*** Opening TASK INPUT ***

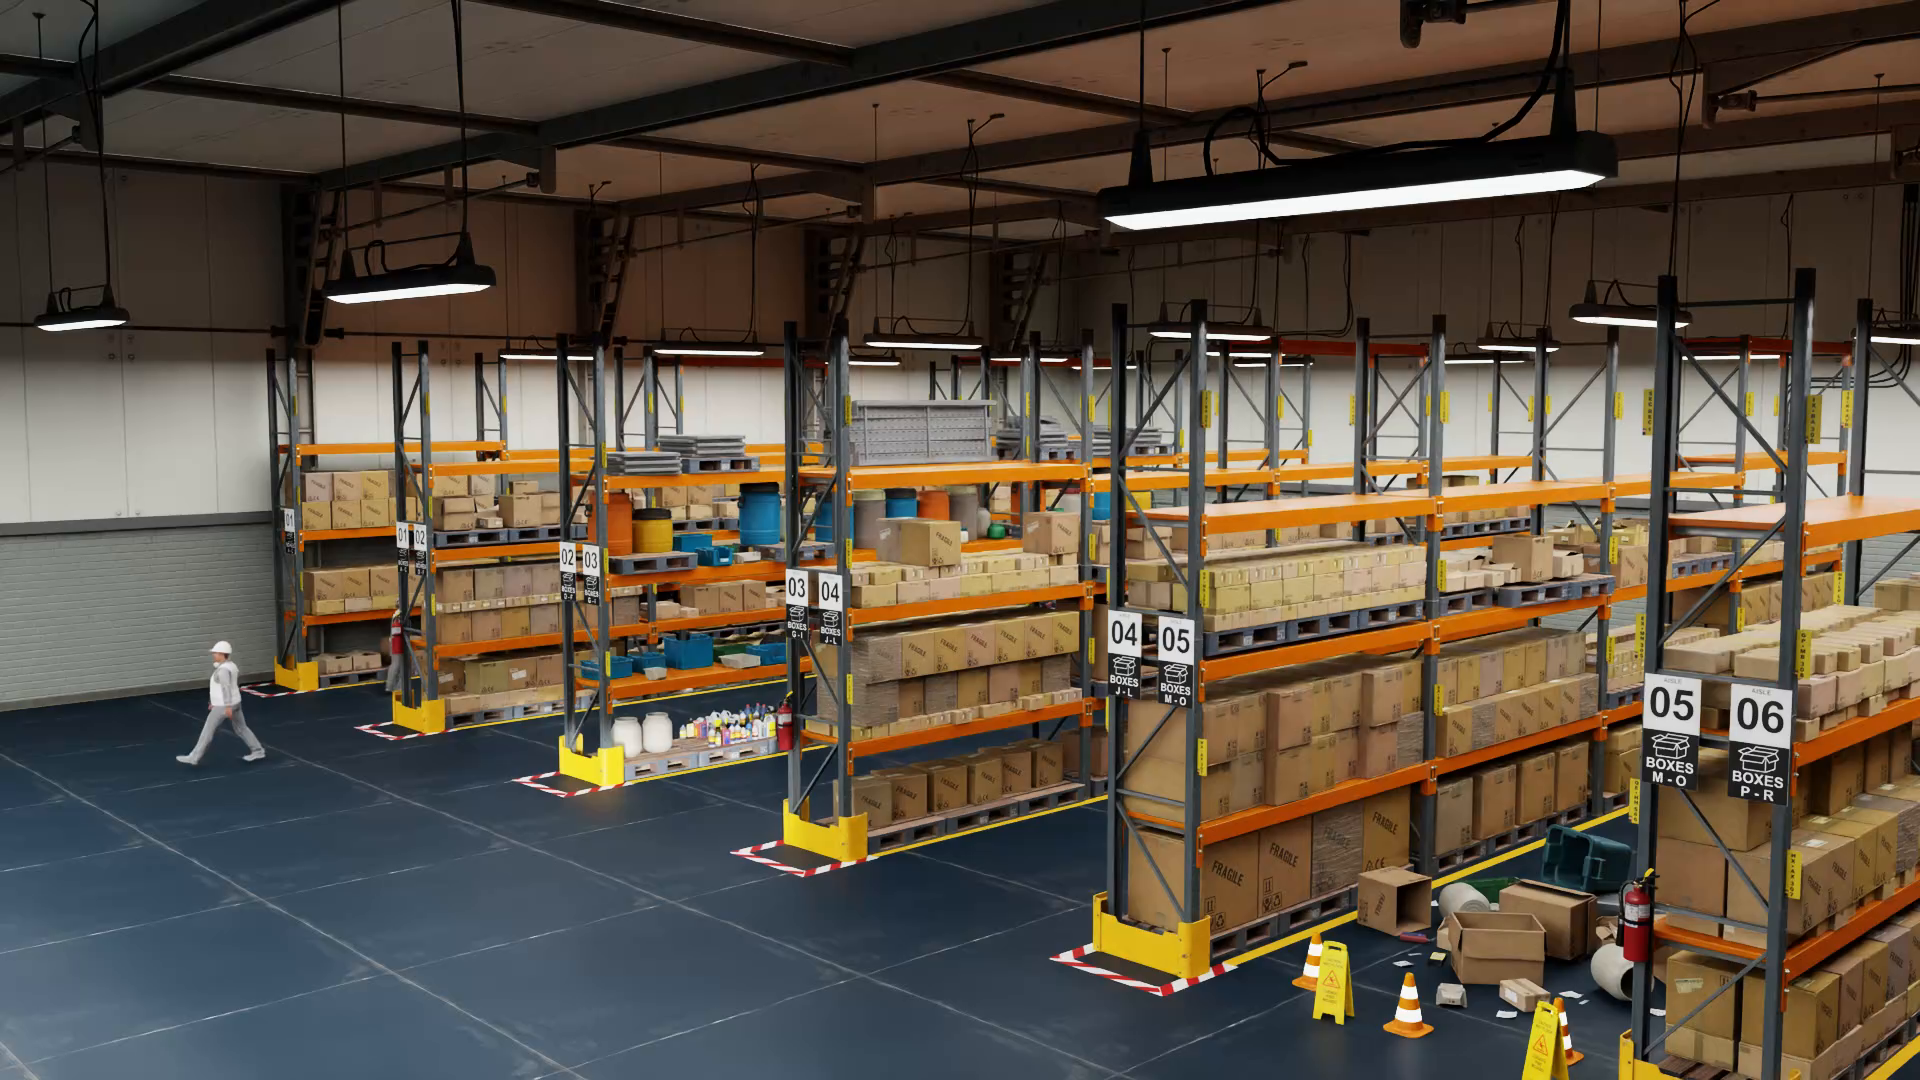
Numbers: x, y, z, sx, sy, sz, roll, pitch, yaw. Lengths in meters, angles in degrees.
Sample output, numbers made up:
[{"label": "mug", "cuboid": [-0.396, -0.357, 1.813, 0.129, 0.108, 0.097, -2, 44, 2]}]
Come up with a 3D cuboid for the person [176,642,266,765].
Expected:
[{"label": "person", "cuboid": [-10.354, 2.273, 23.303, 1.095, 1.702, 0.565, 0, 5, -2]}]

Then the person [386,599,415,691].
[{"label": "person", "cuboid": [-9.785, 1.816, 29.043, 0.515, 1.686, 0.477, -3, 6, -32]}]
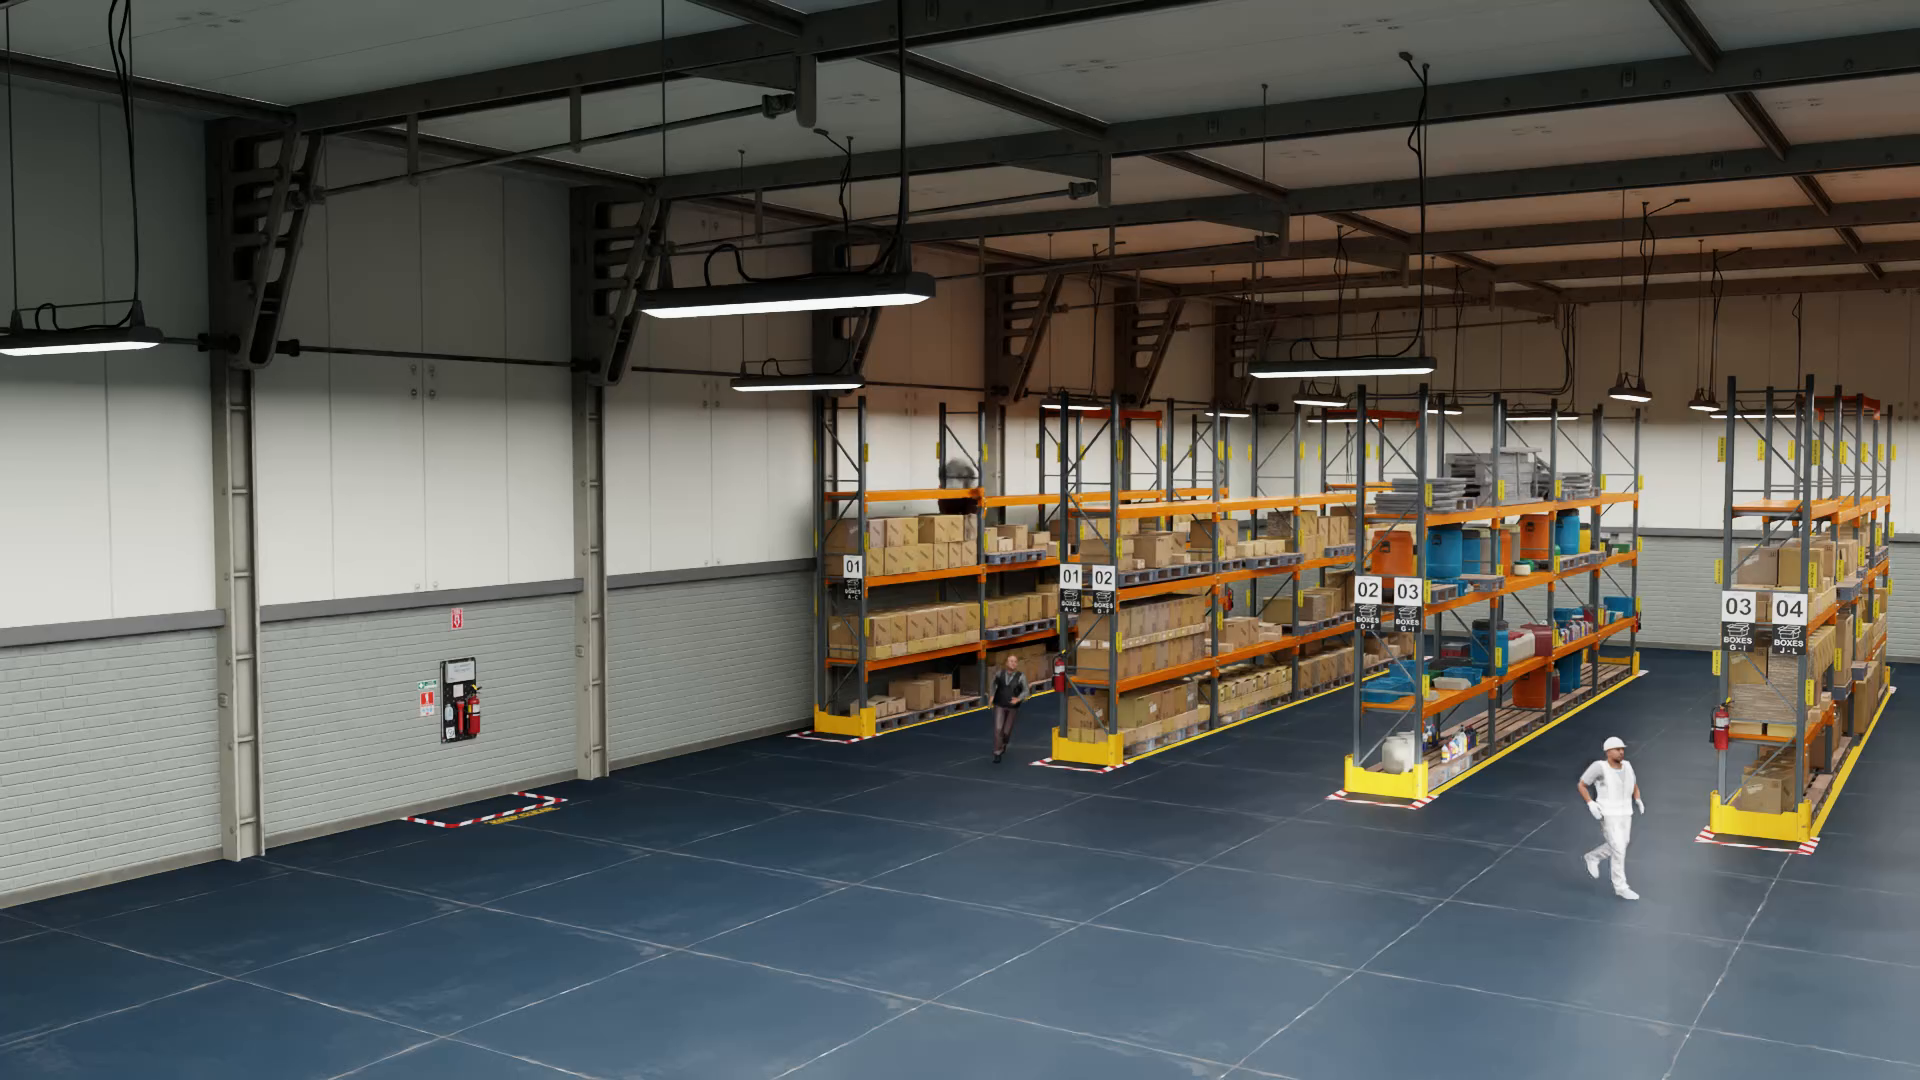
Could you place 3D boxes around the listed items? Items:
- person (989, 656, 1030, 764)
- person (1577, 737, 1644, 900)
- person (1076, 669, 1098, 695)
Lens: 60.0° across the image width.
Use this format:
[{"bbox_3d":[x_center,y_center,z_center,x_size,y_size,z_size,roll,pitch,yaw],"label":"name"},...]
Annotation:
[{"bbox_3d":[0.799,2.739,27.109,0.681,1.711,0.793,0,3,6],"label":"person"},{"bbox_3d":[7.405,3.116,18.920,0.707,1.770,0.918,-1,3,-21],"label":"person"},{"bbox_3d":[2.422,2.582,31.396,0.572,1.522,0.712,1,3,20],"label":"person"}]
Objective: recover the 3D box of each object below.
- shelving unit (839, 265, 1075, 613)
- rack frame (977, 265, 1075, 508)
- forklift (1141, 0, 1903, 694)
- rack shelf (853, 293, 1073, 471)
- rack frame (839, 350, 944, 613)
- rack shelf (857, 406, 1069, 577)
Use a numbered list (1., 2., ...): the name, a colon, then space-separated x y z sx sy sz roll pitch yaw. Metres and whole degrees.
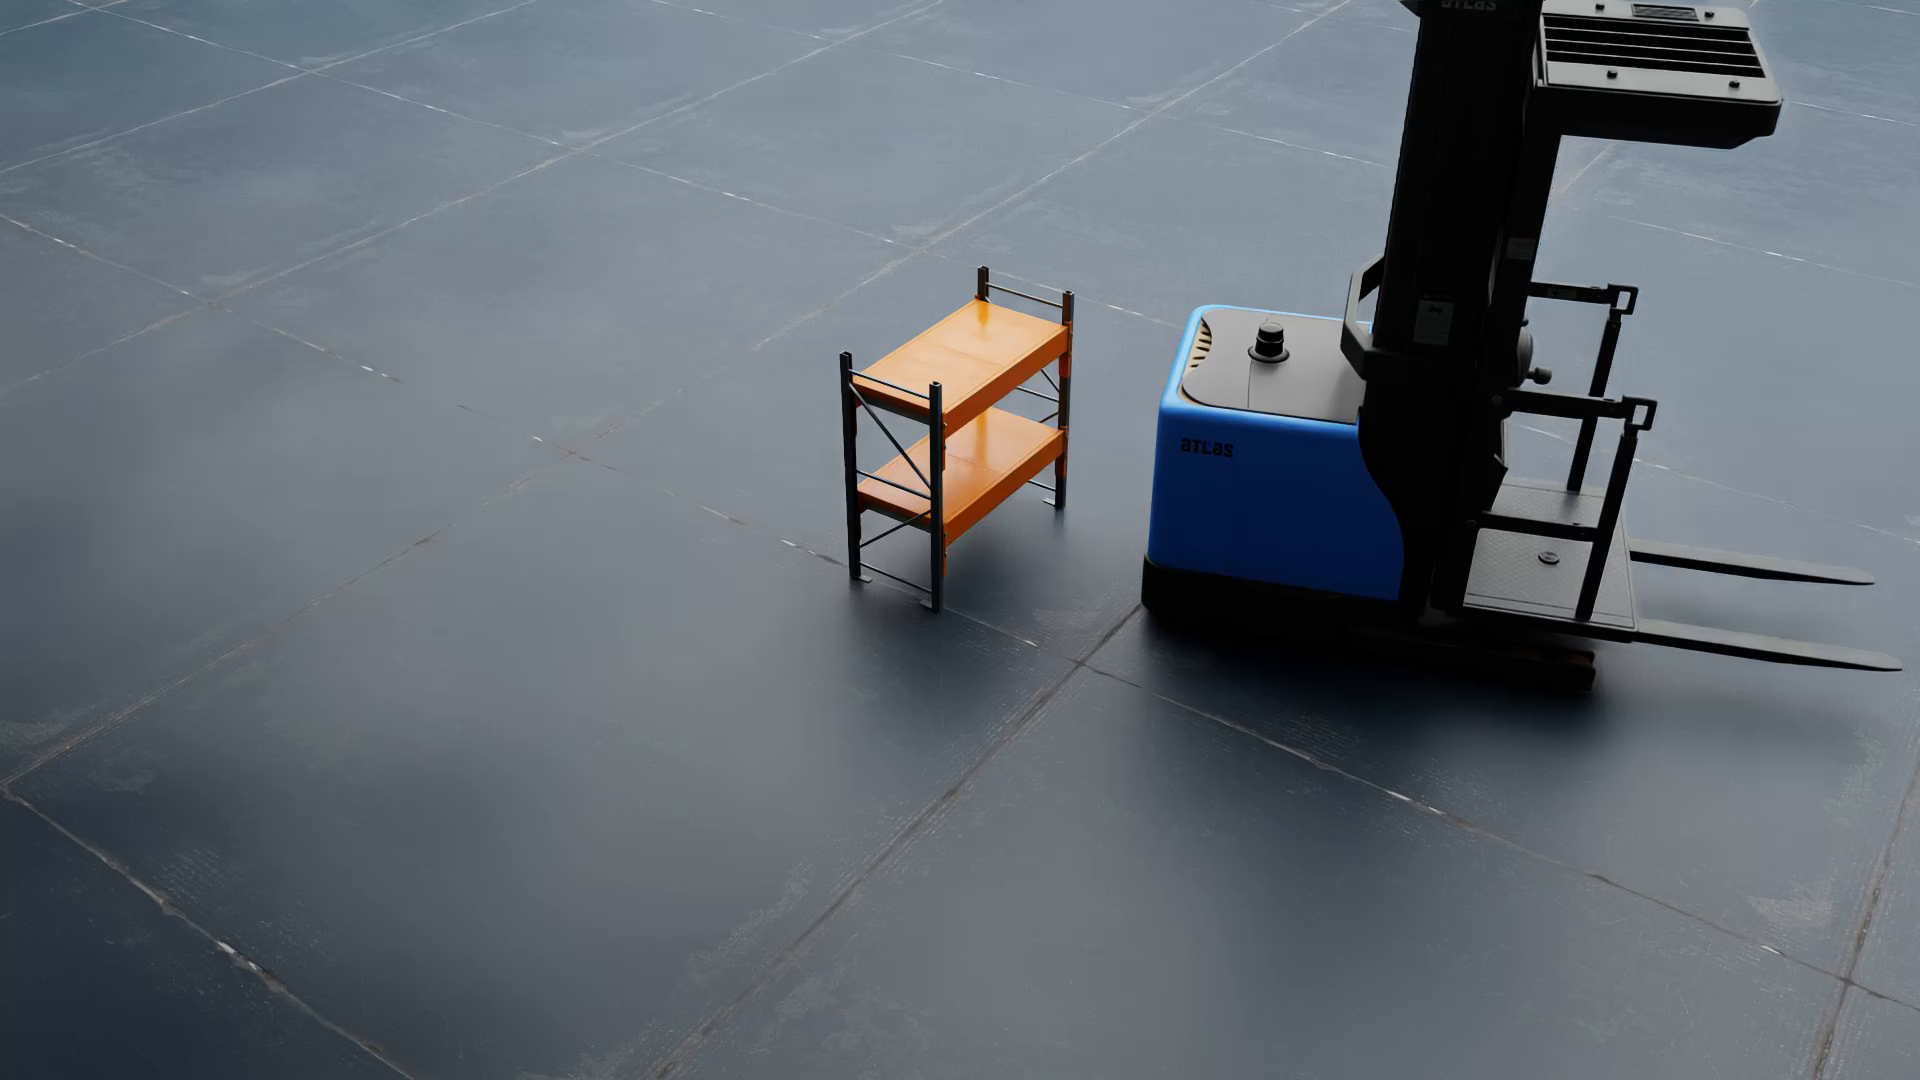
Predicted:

*** Closing TASK INPUT ***

Except for the pictures, please retype the listing above exactly.

Numbers: x, y, z, sx, sy, sz, roll, pitch, yaw. Lengths in meters, angles in degrees.
Sample output, numbers made up:
[{"label": "mug", "cuboid": [-0.396, -0.357, 1.813, 0.129, 0.108, 0.097, -2, 44, 2]}]
Come up with a 3D cuboid for the person [176,642,266,765].
Expected:
[{"label": "person", "cuboid": [-10.354, 2.273, 23.303, 1.095, 1.702, 0.565, 0, 5, -2]}]

Then the person [386,599,415,691].
[{"label": "person", "cuboid": [-9.785, 1.816, 29.043, 0.515, 1.686, 0.477, -3, 6, -32]}]
Could you place 3D boxes around the listed items? Items:
- person (989, 656, 1030, 764)
- person (1577, 737, 1644, 900)
- person (1076, 669, 1098, 695)
Lens: 60.0° across the image width.
Use this format:
[{"bbox_3d":[x_center,y_center,z_center,x_size,y_size,z_size,roll,pitch,yaw],"label":"name"},...]
Annotation:
[{"bbox_3d":[0.799,2.739,27.109,0.681,1.711,0.793,0,3,6],"label":"person"},{"bbox_3d":[7.405,3.116,18.920,0.707,1.770,0.918,-1,3,-21],"label":"person"},{"bbox_3d":[2.422,2.582,31.396,0.572,1.522,0.712,1,3,20],"label":"person"}]
Objective: recover the 3D box of each object below.
- shelving unit (839, 265, 1075, 613)
- rack frame (977, 265, 1075, 508)
- forklift (1141, 0, 1903, 694)
- rack shelf (853, 293, 1073, 471)
- rack frame (839, 350, 944, 613)
- rack shelf (857, 406, 1069, 577)
Use a numbered list (1., 2., ...): the name, a colon, then space-separated x y z sx sy sz roll pitch yaw. Metres and whole degrees.
Predicted:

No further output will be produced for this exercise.